AOT-compiled WGSL via mindc --target webgpu. Fetches pre-compiled gemm.wgsl with 8x4 register tiling, vec4 loads, and bank-conflict-free shared memory. Dispatches 128x64 output tiles via 16x16 workgroups.
ONNX Runtime Web 1.21 with WebGPU execution provider. Loads a static-shape MatMul model (matching the selected size), creates InferenceSession, and runs inference.
Source Code
MindLang source — tiled GEMM kernel with static tensor types, shared memory tiles, and workgroup barrier synchronization.
Compiled WGSL output from mindc. This is exactly what runs on your GPU — no runtime JIT, no graph construction overhead.
MIND project manifest. Declares the WebGPU target, 16x16 workgroup size, and high-performance power preference.
Methodology
Both paths perform the identical mathematical operation: C = A × B where A, B, C are 1024×1024 f32 matrices. Each run includes 1 warmup dispatch (not counted) followed by 5 timed dispatches with queue.onSubmittedWorkDone() synchronization between each.
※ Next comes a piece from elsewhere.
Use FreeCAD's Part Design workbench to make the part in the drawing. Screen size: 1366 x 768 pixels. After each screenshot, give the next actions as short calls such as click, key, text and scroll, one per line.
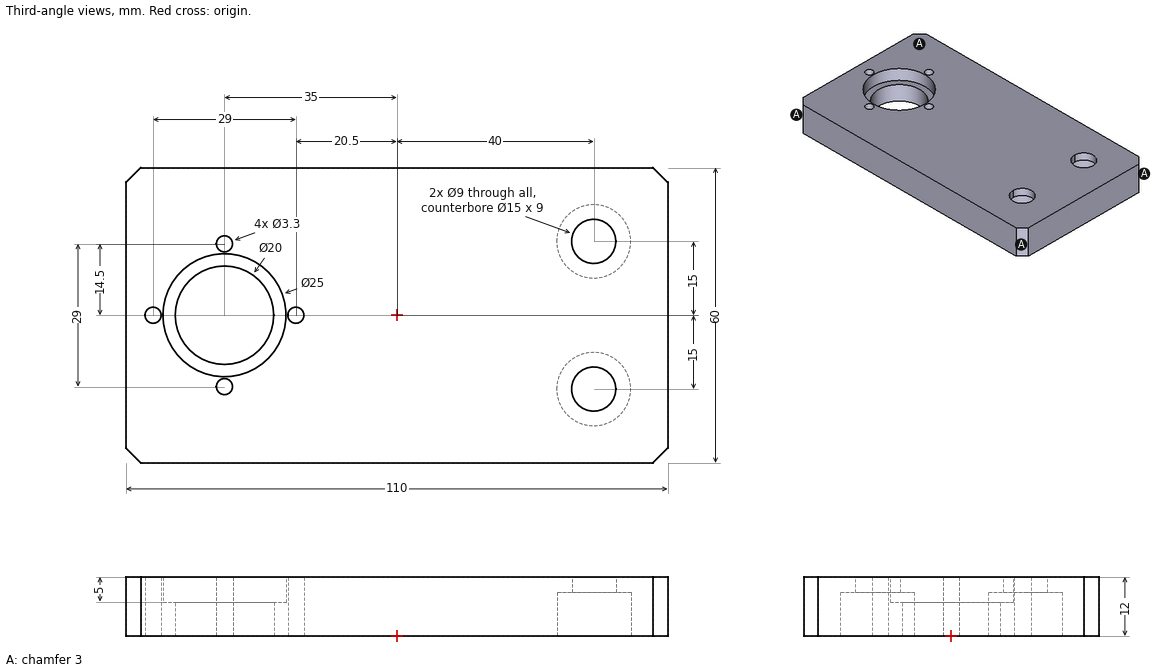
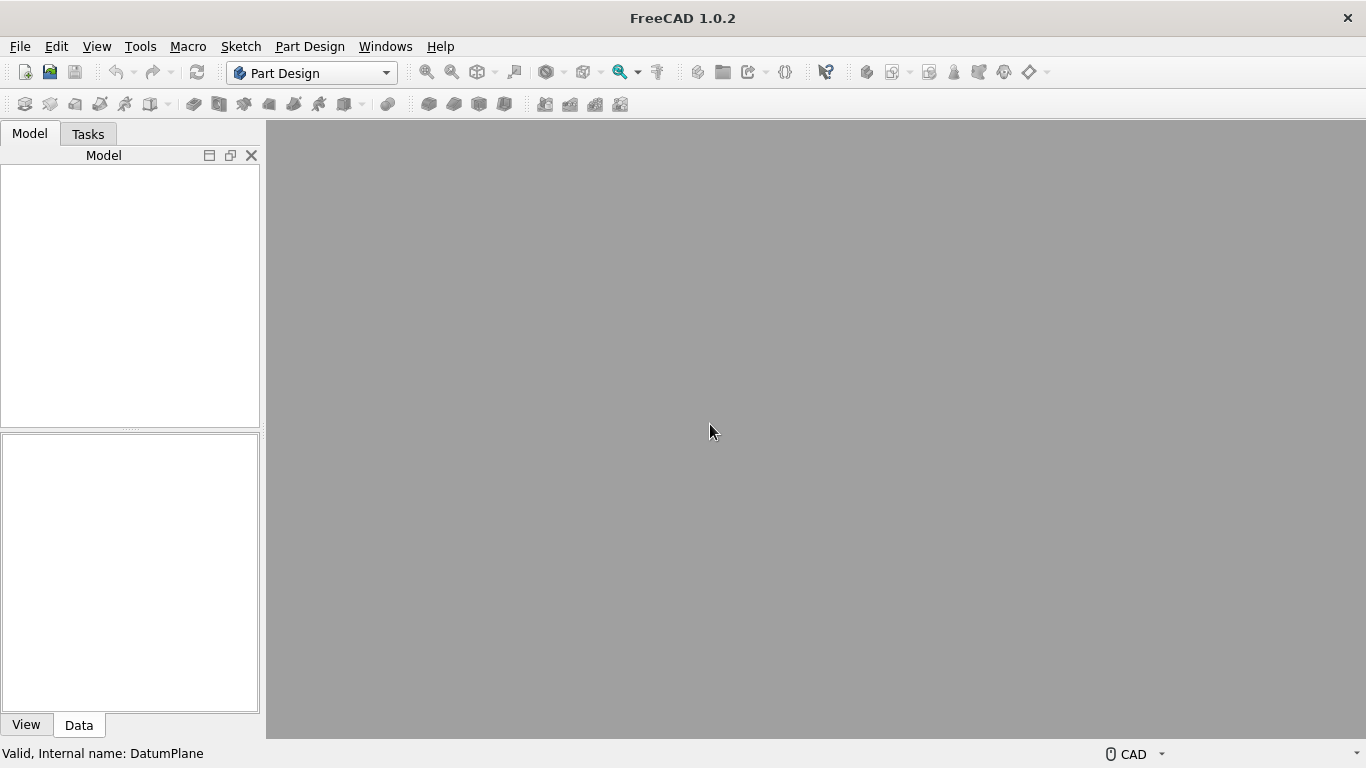
key(ctrl+n)

MindLang uses a pre-compiled WGSL compute shader fetched from /bench/gemm/gemm.wgsl. The shader uses 8×4 register tiling (32 FMAs per inner-loop iteration), bank-conflict-free shared memory (stride-17 padding), and vec4 vectorized loads. Shader compile time is measured separately and not included in the dispatch average.
ONNX Runtime Web v1.21 uses the WebGPU execution provider. A static-shape MatMul ONNX model matching the selected size is loaded, giving ONNX RT full opportunity to specialize its kernel. Session init time (including ONNX graph compilation to WGSL) is measured separately.
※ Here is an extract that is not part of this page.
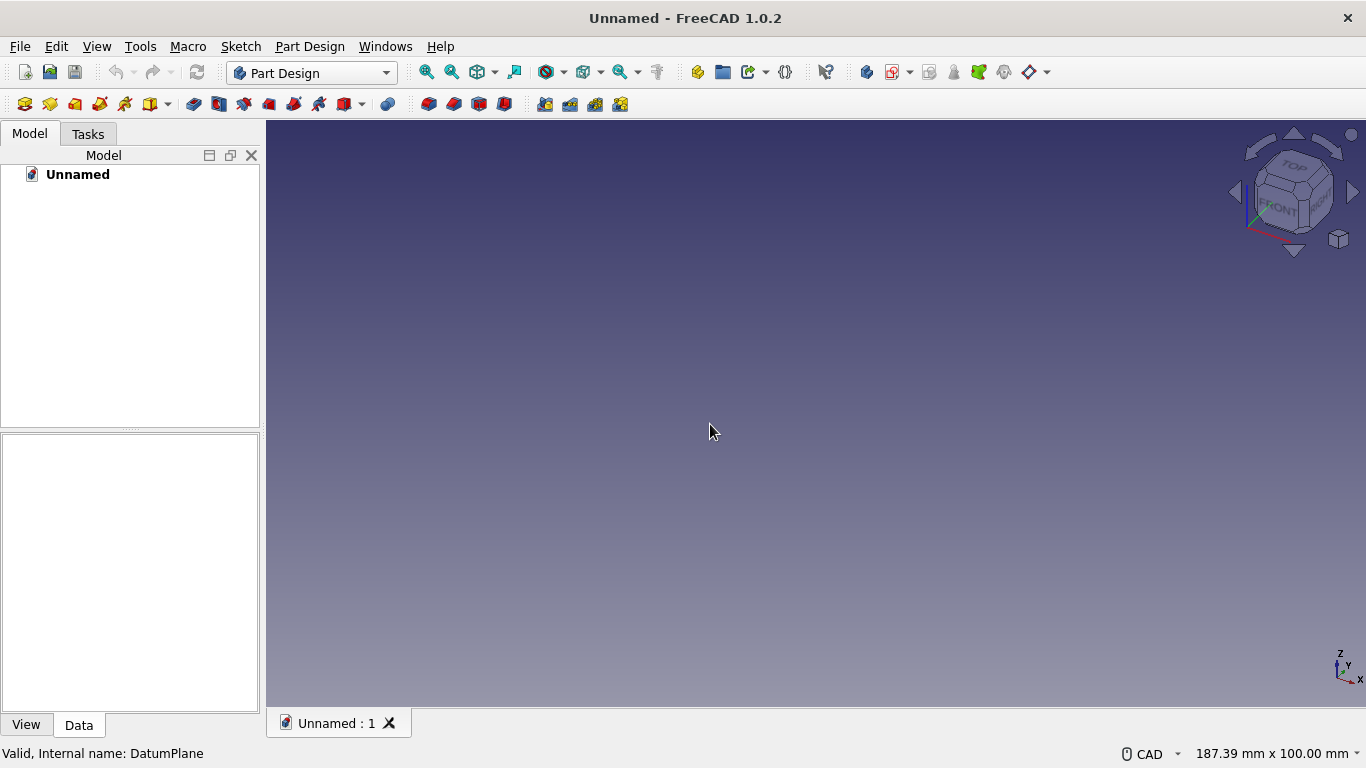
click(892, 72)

Include Compile toggle amortizes each side's compile/init cost across all timed runs: effective = (compile + Σdispatch) / N. MindLang's “compile” is fetching a pre-built WGSL file and creating a pipeline; ONNX RT's init includes runtime WGSL shader generation from the ONNX graph.
Results vary by GPU, driver version, browser, and system load. Requires Chrome 113+, Edge 113+, or another browser with WebGPU enabled.